INFORMATION PROVIDED Block Start

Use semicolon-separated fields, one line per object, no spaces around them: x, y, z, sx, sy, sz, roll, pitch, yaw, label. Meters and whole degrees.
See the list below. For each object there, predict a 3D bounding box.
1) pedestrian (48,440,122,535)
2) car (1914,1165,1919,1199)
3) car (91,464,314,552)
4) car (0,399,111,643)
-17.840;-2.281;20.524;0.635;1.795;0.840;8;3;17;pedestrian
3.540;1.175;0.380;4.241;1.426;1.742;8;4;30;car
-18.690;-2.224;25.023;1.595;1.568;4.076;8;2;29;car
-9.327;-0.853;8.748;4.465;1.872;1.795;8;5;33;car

INFORMATION PROVIDED Block End
INFORMATION PROVIDED Block Start

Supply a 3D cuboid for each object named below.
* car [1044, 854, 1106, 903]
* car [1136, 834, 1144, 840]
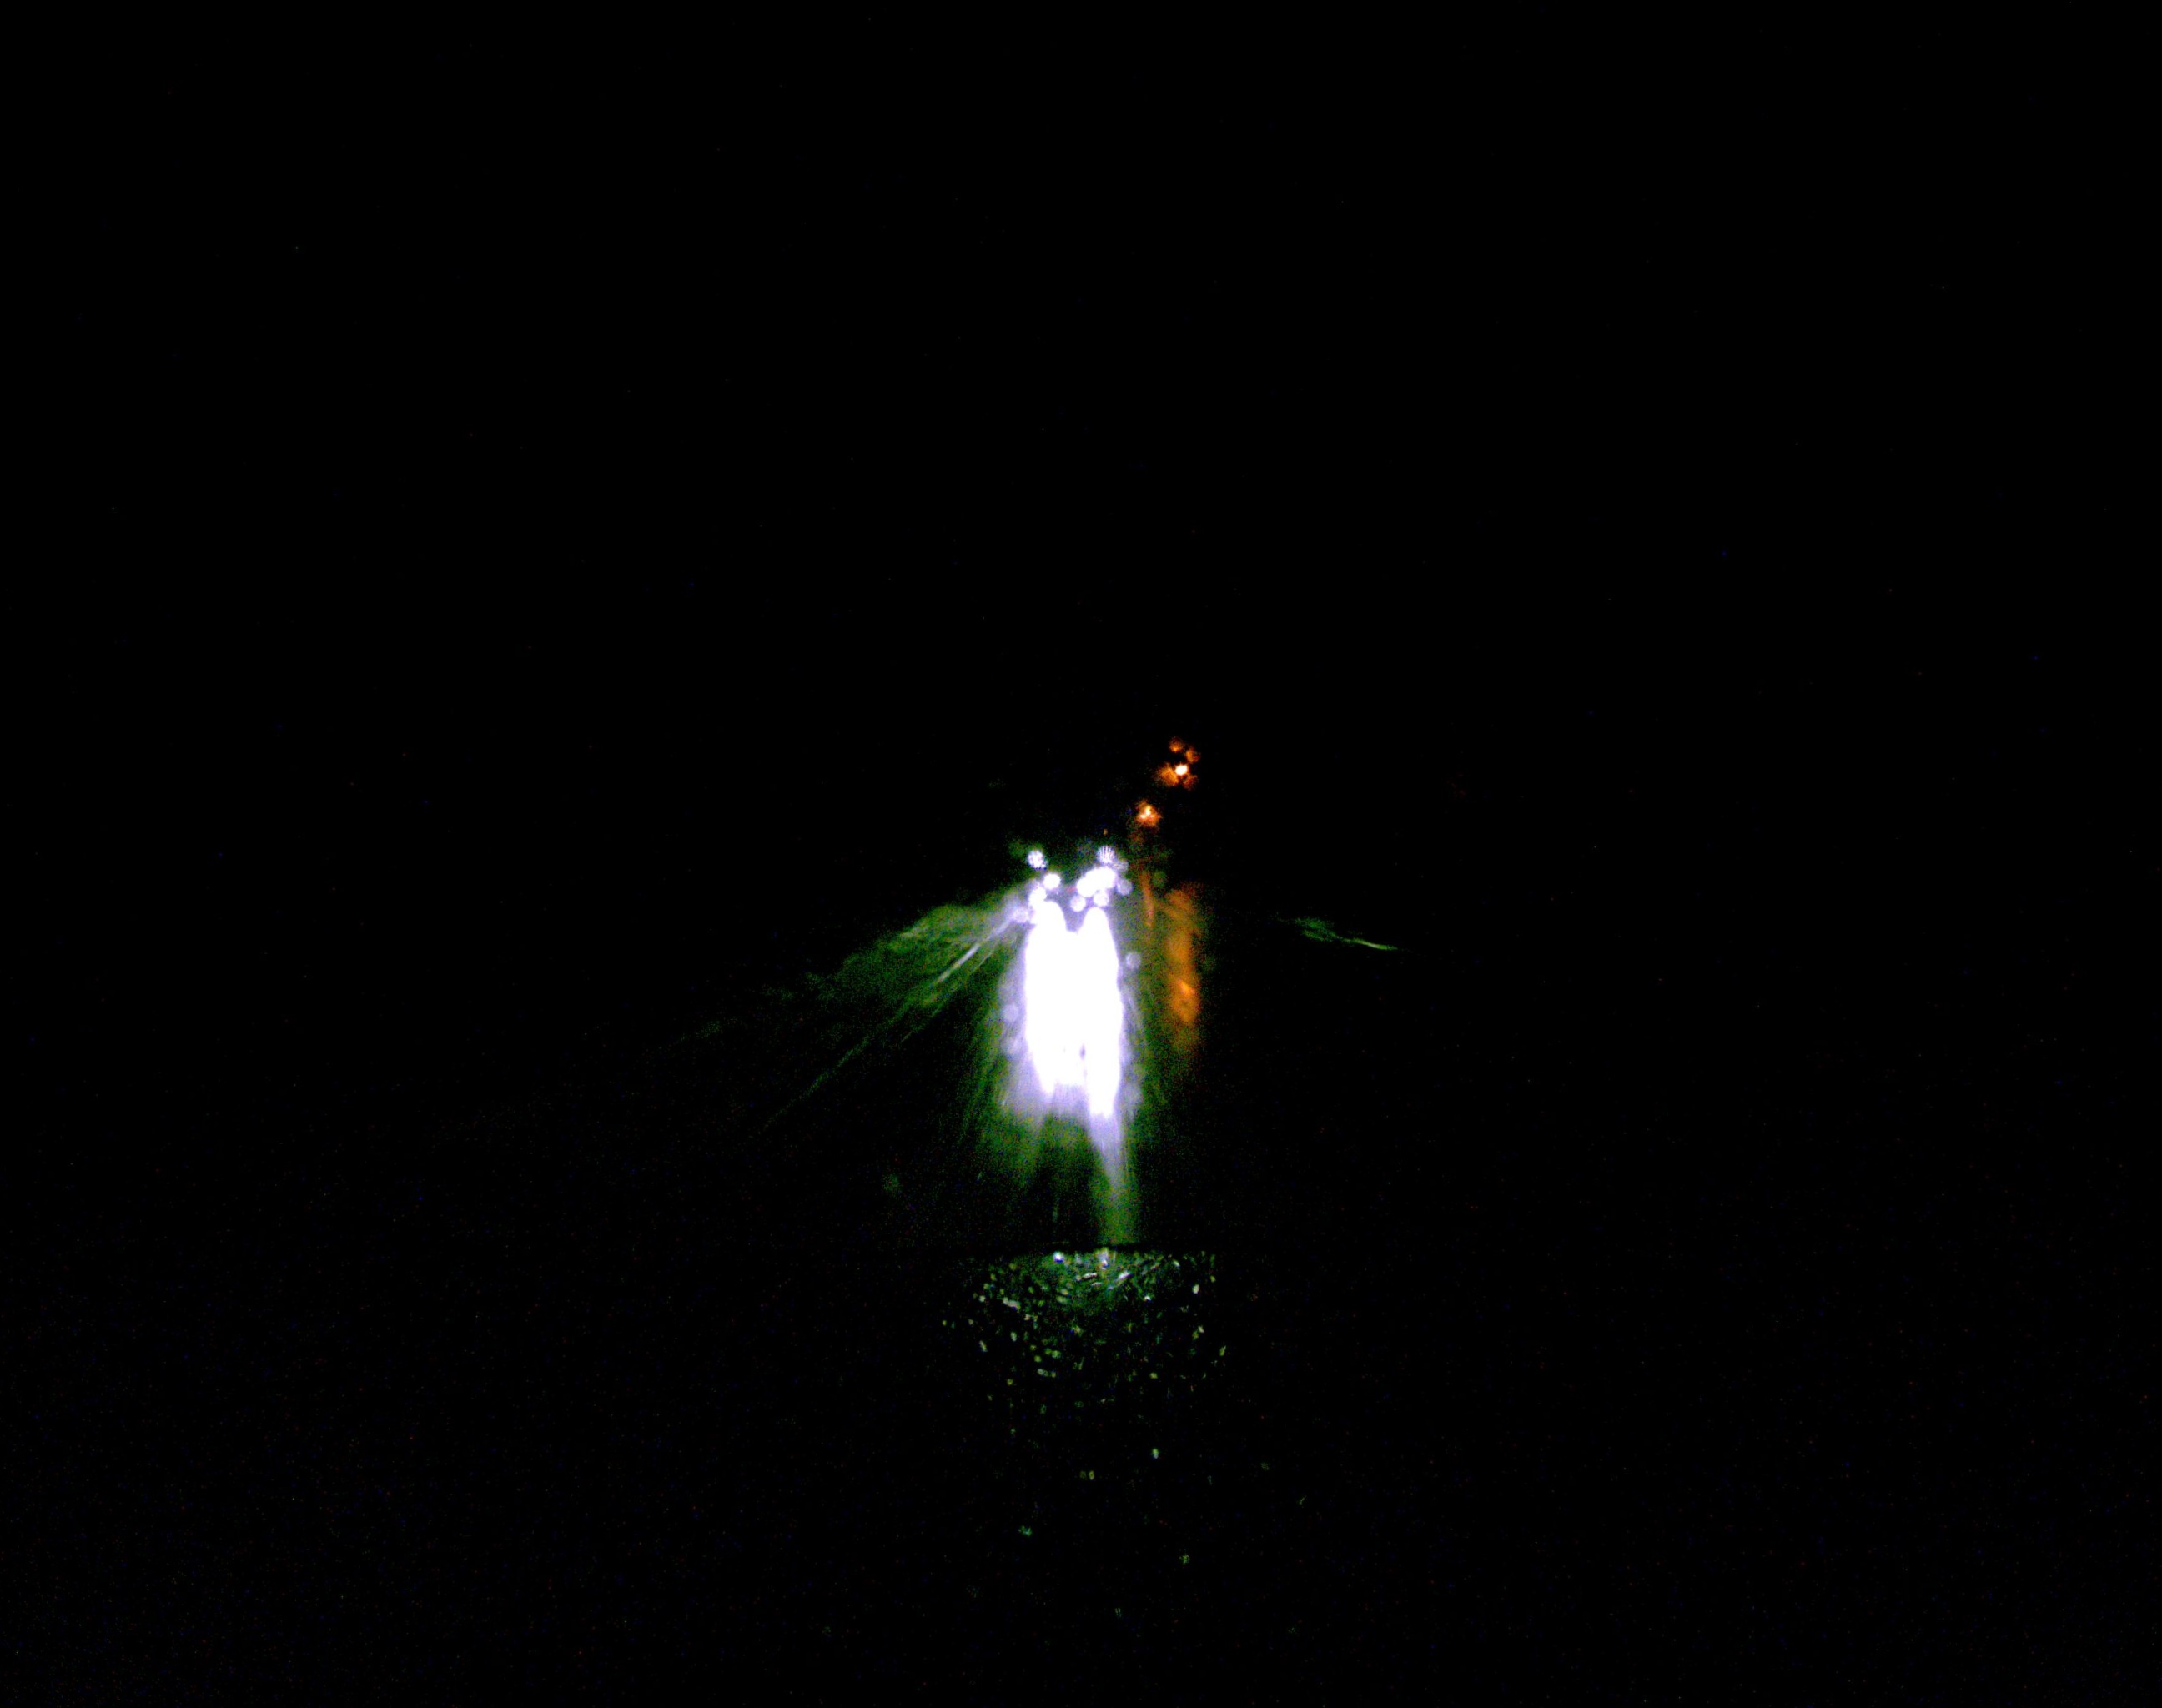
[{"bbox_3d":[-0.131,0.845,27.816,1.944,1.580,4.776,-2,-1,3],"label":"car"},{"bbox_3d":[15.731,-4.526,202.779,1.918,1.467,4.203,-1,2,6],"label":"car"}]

INFORMATION PROVIDED Block End

§ **TASK DESCRIPTION**
Find the word "object" in the entries, and copy every line it shows up in.

§ **REPLY TO THE TASK**
Use semicolon-separated fields, one line per object, no spaces around them: x, y, z, sx, sy, sz, roll, pitch, yaw, label. Meters and whole degrees.
See the list below. For each object there, predict a 3D bounding box.
Supply a 3D cuboid for each object named below.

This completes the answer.